Ali Ben Bongo (Ali-Bernard Bongo avant sa conversion à l’islam en 1982), 50 ans, est le fils d’Omar Bongo, décédé en juin dernier après avoir dirigé son pays durant 42 ans (lire l’info du jour du 9 juin 2009). Il a occupé les postes de ministre des affaires étrangères et de ministre de la défense.

Les trois principaux candidats (parmi les 18 qui s’étaient présentés), Ali Bongo, Pierre Mamboundou (25,22 % des suffrages) et André Mba Obale (25,88%) avaient tous les trois revendiqué la victoire. L’opposition affirme posséder des des procès-verbaux du vote démentant la victoire d’Omar Bongo. Des incidents ont éclaté avant même la proclamation des résultats. Le consulat de France à Port-Gentil, la capitale économique du pays et fief historique de l’opposition, a été incendié. Pierre Mamboundou aurait été blessé lors d’échauffourées entre des opposants et l’armée à Libreville.

Références
Dépêches
LeFigaro.fr avec AFP

Articles
Le Monde :  » Gabon : Ali Bongo élu « 
Le Monde :  » Au Gabon, les opposants à Ali Bongo dénoncent la fraude organisée par le pouvoir « 
Le Figaro :  » Ali Bongo, «M. Fils» s’est fait un nom « 
RFI :  » Ali Bongo vainqueur de la présidentielle « 
BBC :  » Bongo wins disputed Gabon ballot « 
LeMonde.fr :  » Gabon : premiers incidents dès l’annonce des résultats « 

Mardi 9 juin 2009. La mort du président gabonnais Omar Bongo

Le président gabonnais El Hadj Omar Bongo Ondimba (né Albert-Bernard Bongo) est décédé dimanche 7 juin à l’âge de 74 ans d’un cancer intestinal.

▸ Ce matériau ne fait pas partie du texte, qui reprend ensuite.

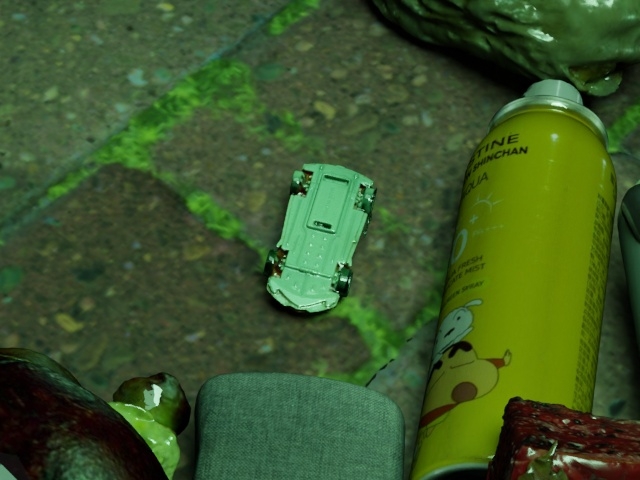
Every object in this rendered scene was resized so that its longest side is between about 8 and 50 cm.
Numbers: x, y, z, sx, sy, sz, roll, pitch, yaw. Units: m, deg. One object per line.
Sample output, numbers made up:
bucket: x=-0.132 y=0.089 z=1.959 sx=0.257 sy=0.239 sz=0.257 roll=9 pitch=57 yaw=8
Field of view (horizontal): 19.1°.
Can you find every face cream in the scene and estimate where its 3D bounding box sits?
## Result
face cream: x=0.132 y=0.030 z=1.218 sx=0.105 sy=0.105 sz=0.348 roll=13 pitch=50 yaw=2

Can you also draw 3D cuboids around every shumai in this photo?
shumai: x=0.142 y=-0.239 z=1.359 sx=0.256 sy=0.218 sz=0.189 roll=22 pitch=57 yaw=33

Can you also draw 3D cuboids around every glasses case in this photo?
glasses case: x=-0.023 y=0.218 z=1.058 sx=0.131 sy=0.074 sz=0.323 roll=8 pitch=50 yaw=-3

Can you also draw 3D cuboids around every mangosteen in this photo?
mangosteen: x=-0.151 y=0.154 z=1.005 sx=0.231 sy=0.231 sz=0.289 roll=38 pitch=42 yaw=21

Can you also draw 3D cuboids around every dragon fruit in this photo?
dragon fruit: x=0.143 y=0.169 z=1.022 sx=0.120 sy=0.161 sz=0.127 roll=14 pitch=17 yaw=2

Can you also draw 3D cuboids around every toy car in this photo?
toy car: x=0.000 y=0.000 z=1.269 sx=0.059 sy=0.035 sz=0.122 roll=14 pitch=58 yaw=3

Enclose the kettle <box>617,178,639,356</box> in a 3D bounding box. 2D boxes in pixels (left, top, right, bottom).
kettle: x=0.292 y=0.071 z=1.190 sx=0.210 sy=0.160 sz=0.243 roll=17 pitch=43 yaw=-28
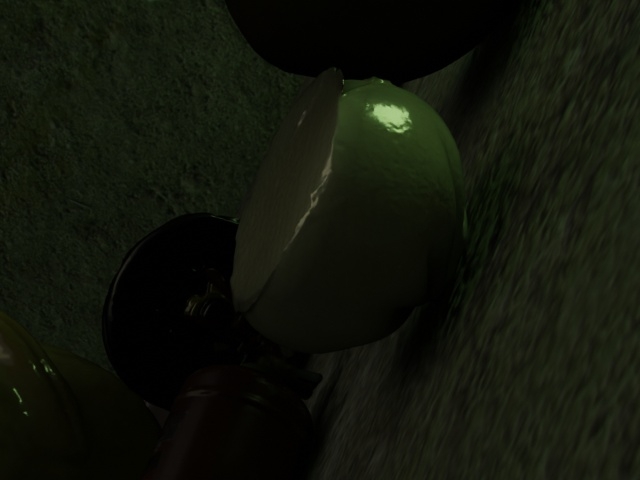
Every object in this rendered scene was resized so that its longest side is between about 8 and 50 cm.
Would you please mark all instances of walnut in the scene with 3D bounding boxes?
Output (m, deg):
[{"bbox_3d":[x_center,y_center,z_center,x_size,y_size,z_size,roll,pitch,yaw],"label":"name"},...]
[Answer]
[{"bbox_3d":[-0.315,0.232,1.228,0.381,0.381,0.381,-62,7,13],"label":"walnut"}]

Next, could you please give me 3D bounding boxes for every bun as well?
[{"bbox_3d":[0.026,-0.008,0.869,0.173,0.119,0.173,-59,16,28],"label":"bun"}]

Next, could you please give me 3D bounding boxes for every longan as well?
[{"bbox_3d":[0.052,-0.252,1.088,0.300,0.243,0.300,-41,30,30],"label":"longan"}]

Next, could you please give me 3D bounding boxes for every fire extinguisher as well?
[{"bbox_3d":[-0.093,0.167,1.003,0.106,0.147,0.337,-53,14,52],"label":"fire extinguisher"}]

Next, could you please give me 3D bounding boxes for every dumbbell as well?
[{"bbox_3d":[-0.116,0.076,1.381,0.185,0.185,0.388,-65,7,-9],"label":"dumbbell"}]

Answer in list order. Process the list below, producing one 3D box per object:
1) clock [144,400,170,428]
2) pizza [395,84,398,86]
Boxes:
[{"bbox_3d":[-0.155,0.122,1.983,0.290,0.080,0.275,-55,12,52],"label":"clock"},{"bbox_3d":[0.057,-0.189,1.598,0.246,0.058,0.127,-51,13,57],"label":"pizza"}]
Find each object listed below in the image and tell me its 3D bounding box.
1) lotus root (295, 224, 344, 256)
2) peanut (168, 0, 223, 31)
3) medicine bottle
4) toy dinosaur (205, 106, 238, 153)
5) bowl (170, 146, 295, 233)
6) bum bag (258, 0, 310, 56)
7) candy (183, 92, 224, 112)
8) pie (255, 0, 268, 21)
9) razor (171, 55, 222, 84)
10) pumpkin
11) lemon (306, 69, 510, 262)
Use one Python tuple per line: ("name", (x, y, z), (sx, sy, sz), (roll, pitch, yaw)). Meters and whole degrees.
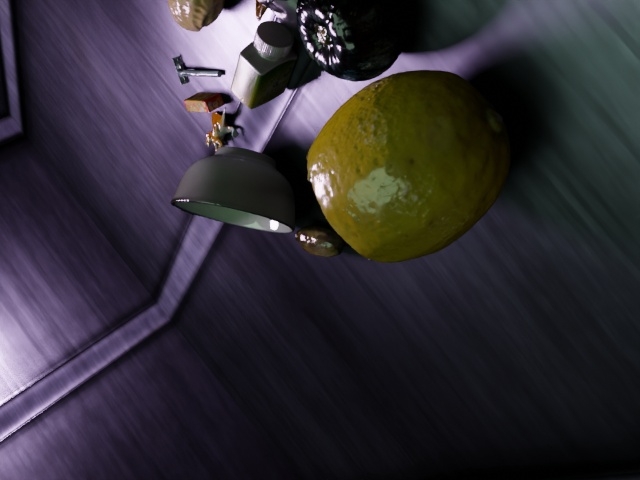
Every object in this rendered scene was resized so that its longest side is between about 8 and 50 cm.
("lotus root", (0.000, 0.000, 1.698), (0.179, 0.080, 0.089), (13, 151, 41))
("peanut", (-0.285, -0.634, 1.417), (0.149, 0.149, 0.313), (43, 139, 17))
("medicine bottle", (-0.129, -0.418, 1.419), (0.088, 0.132, 0.188), (47, 147, 10))
("toy dinosaur", (-0.301, -0.343, 1.803), (0.142, 0.057, 0.212), (55, 142, 36))
("bowl", (-0.227, -0.150, 1.688), (0.354, 0.354, 0.185), (2, 78, 51))
("bum bag", (-0.062, -0.503, 1.291), (0.248, 0.060, 0.123), (37, 144, -13))
("candy", (-0.346, -0.409, 1.771), (0.122, 0.062, 0.038), (15, 133, 44))
("pie", (-0.105, -0.582, 1.328), (0.191, 0.033, 0.088), (-32, 83, 51))
("razor", (-0.360, -0.487, 1.740), (0.211, 0.036, 0.084), (19, 137, 42))
("pumpkin", (0.057, -0.422, 1.148), (0.233, 0.163, 0.233), (45, 157, 26))
("lemon", (0.183, -0.151, 1.100), (0.364, 0.364, 0.364), (33, 142, 30))
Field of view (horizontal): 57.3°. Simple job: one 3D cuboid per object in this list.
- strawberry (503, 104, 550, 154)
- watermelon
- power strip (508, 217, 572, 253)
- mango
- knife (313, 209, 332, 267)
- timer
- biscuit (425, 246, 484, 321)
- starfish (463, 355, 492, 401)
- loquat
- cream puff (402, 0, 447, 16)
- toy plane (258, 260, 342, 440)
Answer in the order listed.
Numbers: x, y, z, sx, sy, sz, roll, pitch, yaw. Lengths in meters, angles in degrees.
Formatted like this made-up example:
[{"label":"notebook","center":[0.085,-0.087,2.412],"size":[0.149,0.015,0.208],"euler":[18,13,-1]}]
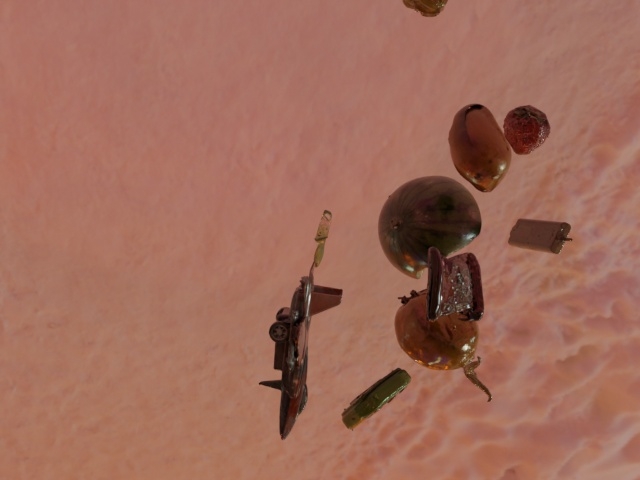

Ancien employé de poste, il était à la tête de son pays depuis plus de 41 ans. C’était l’une des figures emblématiques de l’Afrique post-coloniale.

Il devait son poste à Jacques Foccart, le responsable de l’Afrique à l’Elysée sous le général de Gaulle, pour sa  » personnalité, son courage et sa volonté « . Il a ainsi succédé au premier président du Gabon indépendant, Léon Mba, duquel il était directeur de cabinet. Il se convertit à l’islam en 1973 pour, disait-on, se rapprocher des dirigeants des pays de l’Opep que son pays venait de rejoindre. Il confiait ses ministères clés à ses enfants et à ses gendres. Il avait suspendu ses activités le 6 mai 2009 et rejoint une clinique espagnole.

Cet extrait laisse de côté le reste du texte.